WHEN Rudy Giuliani, smack in the middle of a recent speech before the National Rifle Association, stopped his talk and said that he was taking a call from his wife, Judith, it could be that he really had forgotten to shut off his handset.

Or he might have orchestrated the call, as some critics are saying, to lighten his image. Or it might have been an attempt to lower the tension in a room where Mr. Giuliani, a Republican presidential candidate, was not universally loved, given his antigun stance while New York City's mayor.

Whatever the facts, for some it was a threshold moment-- not about politics, but about cellphones.

Are Americans so comfortable with cellphone intrusions that it is now acceptable to take a call, even in front of a hall of people? Or was the criticism that followed Mr. Giuliani's public love chat a sign that Americans have had it with cellphones and with the people who will take or make a call, no matter the setting? "Did he cross a line?" asked Naomi S. Baron, a professor of linguistics at American University and author of the forthcoming book, "Always On: Language in an Online and Mobile World." "That presumes there is a line."

...

In Sweden, people think little about talking on their phones while riding a bus or train. But in Japan, phones have a "manner mode" button that disables the ringer, Ms.

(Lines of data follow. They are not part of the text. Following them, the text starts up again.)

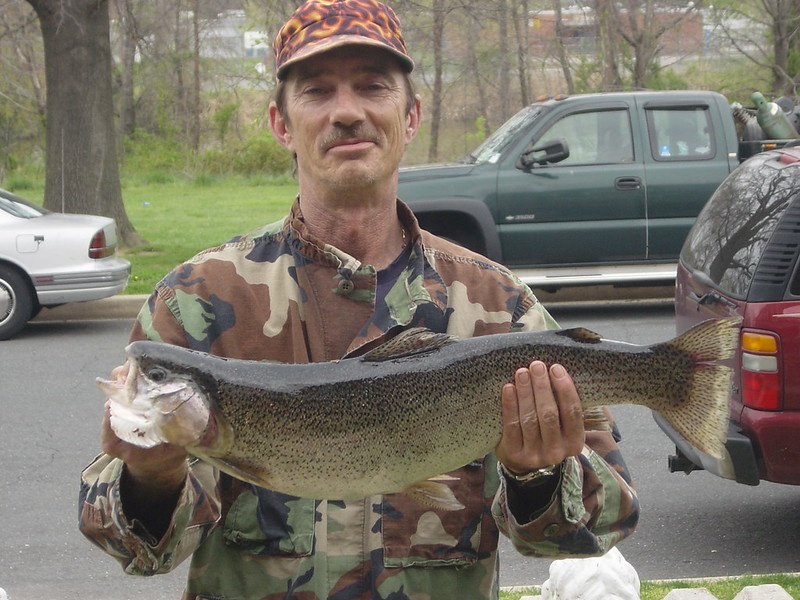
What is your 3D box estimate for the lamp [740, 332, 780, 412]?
[{"bbox_3d":[3.280,0.648,13.269,0.347,0.694,0.237,0,11,14],"label":"lamp"}]
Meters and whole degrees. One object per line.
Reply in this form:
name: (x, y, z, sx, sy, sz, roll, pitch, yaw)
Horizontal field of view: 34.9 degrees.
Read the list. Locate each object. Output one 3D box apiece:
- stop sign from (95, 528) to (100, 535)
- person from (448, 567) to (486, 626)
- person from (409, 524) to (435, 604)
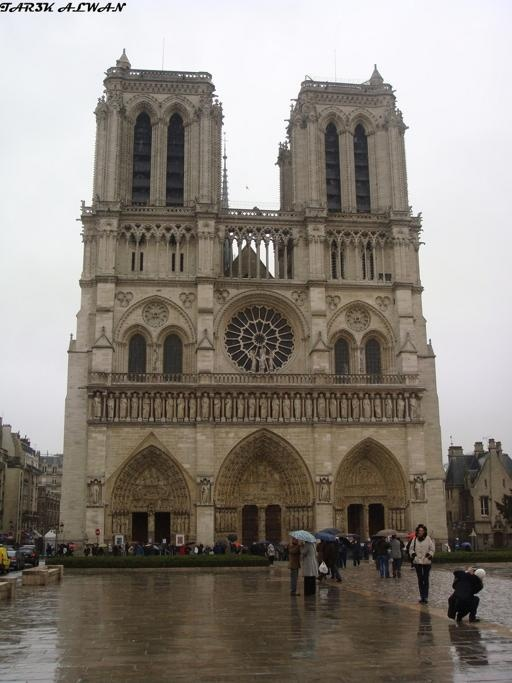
stop sign: (-8.742, 10.388, 44.649, 0.322, 0.359, 0.048, -1, -15, -4)
person: (3.544, 4.307, 14.175, 0.521, 0.789, 1.143, -3, -4, 36)
person: (3.546, 4.723, 17.350, 0.471, 1.589, 1.597, -4, -13, 10)
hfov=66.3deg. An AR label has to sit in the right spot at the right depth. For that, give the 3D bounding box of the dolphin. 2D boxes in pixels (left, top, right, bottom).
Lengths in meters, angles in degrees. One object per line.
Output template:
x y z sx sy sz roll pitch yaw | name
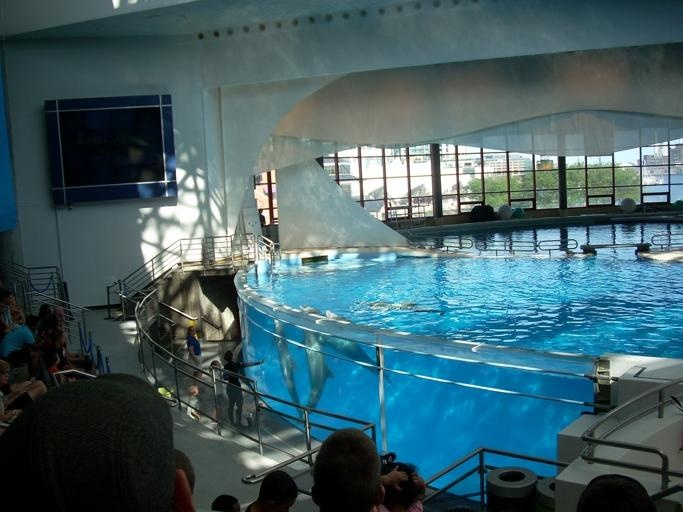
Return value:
-0.411 2.177 9.571 0.339 1.823 3.061 -7 7 -32 | dolphin

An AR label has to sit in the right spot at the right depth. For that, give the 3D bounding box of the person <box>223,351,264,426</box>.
-1.282 1.688 6.661 0.671 0.923 0.378 -11 -8 42 | person

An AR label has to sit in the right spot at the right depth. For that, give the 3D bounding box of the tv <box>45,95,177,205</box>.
-7.207 -3.429 16.452 3.626 3.267 0.217 -5 5 -12 | tv
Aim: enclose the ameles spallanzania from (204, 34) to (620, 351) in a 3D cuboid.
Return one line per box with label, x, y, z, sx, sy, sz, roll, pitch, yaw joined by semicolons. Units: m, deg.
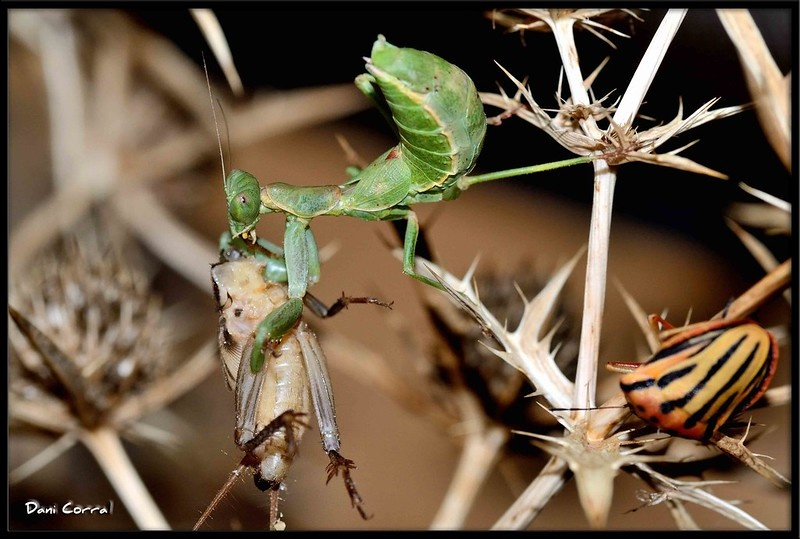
ameles spallanzania;-0.460;-0.341;4.147;0.995;3.116;1.905;4;-4;4

Baron said, and bus and train riders are encouraged to use it. (Swedes, she said, are also comfortable talking in public restrooms, but that seems to be less tolerated elsewhere.)

People in Finland are not big on face-to-face chitchat, yet they freely yak away on their cellphones, said James Katz, the director of the Center for Mobile Communications Studies at Rutgers University.

In China, almost anything goes when it comes to cellphones, but in the Philippines text messages are the preferred means of communicating.